Reputation: 445
we have a df
like so:
df <- data.frame(id= c(1,2,3,4,5),
urls= c(NA,NA,"https://www.bing.com",
"https://www.bing.com https://www.google.com",
"https://github.com/"),
stringsAsFactors = FALSE)
Then we have a function that read in real urls, and get the title
tag of each page. Like so-
get_title_tag <- function(url) {
if (is.na(ifelse(url == "", NA, url))) {
return(NA)
}
else if(identical(xml2::read_html(url), character(0))){
return(NA)
}
else{
page <- xml2::read_html(url)
path_to_title <- "/html/head/title"
conf_nodes <- rvest::html_nodes(page, xpath = path_to_title)
title <- rvest::html_text(conf_nodes)
#return(title)
return ("PAGE_TITLE")
}
}
The problem is that the element at 4th position at urls
column contains two consecutive urls, so we get errors. We have looked at several posts here in the forums however none have problems like what We are facing.
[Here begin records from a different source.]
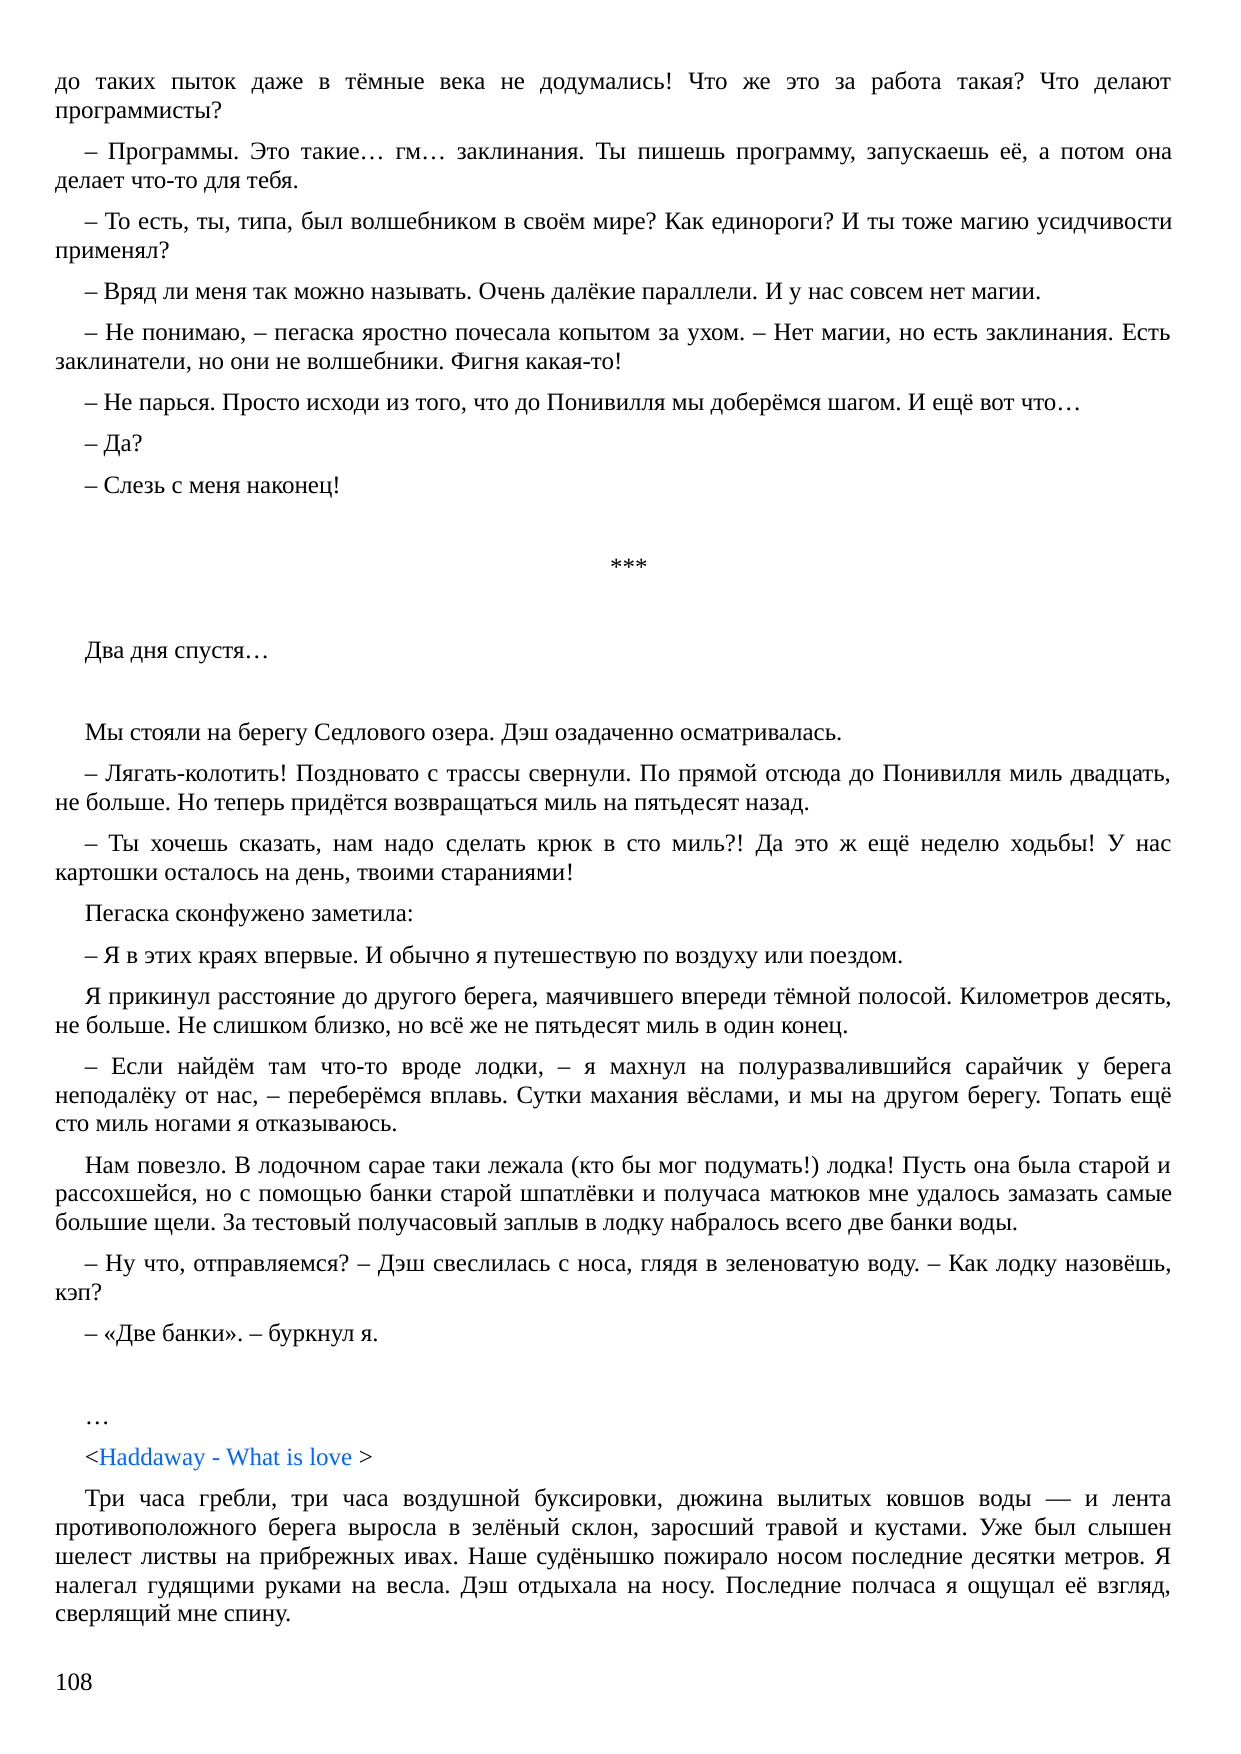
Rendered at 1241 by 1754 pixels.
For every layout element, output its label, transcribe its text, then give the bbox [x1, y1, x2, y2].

text – Лягать-колотить! Поздновато с трассы свернули. По прямой отсюда до Понивилля миль двадцать, не больше. Но теперь придётся возвращаться миль на пятьдесят назад. [55, 758, 1173, 816]
text – Программы. Это такие… гм… заклинания. Ты пишешь программу, запускаешь её, а потом она делает что-то для тебя. [55, 136, 1173, 193]
text – Вряд ли меня так можно называть. Очень далёкие параллели. И у нас совсем нет магии. [55, 276, 1173, 305]
text Пегаска сконфужено заметила: [55, 898, 1173, 927]
text … [55, 1401, 1173, 1430]
text – «Две банки». – буркнул я. [55, 1318, 1173, 1347]
text – Если найдём там что-то вроде лодки, – я махнул на полуразвалившийся сарайчик у берега неподалёку от нас, – переберёмся вплавь. Сутки махания вёслами, и мы на другом берегу. Топать ещё сто миль ногами я отказываюсь. [55, 1051, 1173, 1137]
text Два дня спустя… [55, 635, 1173, 663]
text Я прикинул расстояние до другого берега, маячившего впереди тёмной полосой. Километров десять, не больше. Не слишком близко, но всё же не пятьдесят миль в один конец. [55, 981, 1173, 1038]
text Нам повезло. В лодочном сарае таки лежала (кто бы мог подумать!) лодка! Пусть она была старой и рассохшейся, но с помощью банки старой шпатлёвки и получаса матюков мне удалось замазать самые большие щели. За тестовый получасовый заплыв в лодку набралось всего две банки воды. [55, 1150, 1173, 1236]
text – Да? [55, 428, 1173, 457]
text до таких пыток даже в тёмные века не додумались! Что же это за работа такая? Что делают программисты? [55, 66, 1173, 123]
text – Слезь с меня наконец! [55, 470, 1173, 498]
text – Ну что, отправляемся? – Дэш свеслилась с носа, глядя в зеленоватую воду. – Как лодку назовёшь, кэп? [55, 1248, 1173, 1306]
text – Не парься. Просто исходи из того, что до Понивилля мы доберёмся шагом. И ещё вот что… [55, 387, 1173, 416]
text *** [55, 552, 1173, 581]
text – Я в этих краях впервые. И обычно я путешествую по воздуху или поездом. [55, 940, 1173, 968]
text <Haddaway - What is love > [55, 1442, 1173, 1471]
text Три часа гребли, три часа воздушной буксировки, дюжина вылитых ковшов воды — и лента противоположного берега выросла в зелёный склон, заросший травой и кустами. Уже был слышен шелест листвы на прибрежных ивах. Наше судёнышко пожирало носом последние десятки метров. Я налегал гудящими руками на весла. Дэш отдыхала на носу. Последние полчаса я ощущал её взгляд, сверлящий мне спину. [55, 1483, 1173, 1627]
text – Ты хочешь сказать, нам надо сделать крюк в сто миль?! Да это ж ещё неделю ходьбы! У нас картошки осталось на день, твоими стараниями! [55, 828, 1173, 886]
text – Не понимаю, – пегаска яростно почесала копытом за ухом. – Нет магии, но есть заклинания. Есть заклинатели, но они не волшебники. Фигня какая-то! [55, 317, 1173, 375]
text – То есть, ты, типа, был волшебником в своём мире? Как единороги? И ты тоже магию усидчивости применял? [55, 206, 1173, 263]
text Мы стояли на берегу Седлового озера. Дэш озадаченно осматривалась. [55, 717, 1173, 746]

Our goal is to get this output:
> df
id urls
1 1 <NA>
2 2 <NA>
3 3 PAGE_TITLE
4 4 PAGE_TITLE PAGE_TITLE
5 5 PAGE_TITLE
I have tried this method that separates the urls, but expands the df which is not what I want:
urls_only_vector <- df %>%
mutate(urls= strsplit(as.character(urls), " ")) %>%
unnest(urls) #%>% select("urls")
Using this method I can read urls one at a time, but again, since it expands my dataframe, I was wondering if there is something else I can do? Can I get an hint please? I will cherish any help.
Upvotes: 0
Views: 65
Reputation: 388982
It is better to get url
's in different rows, apply get_title_tag
function get the title and combine the data again grouping by id so that size of data remains the same.
library(dplyr)
df %>%
tidyr::separate_rows(urls, sep = '\\s+') %>%
mutate(title = purrr::map_chr(urls, get_title_tag)) %>%
group_by(id) %>%
summarise(title = toString(title))
Upvotes: 1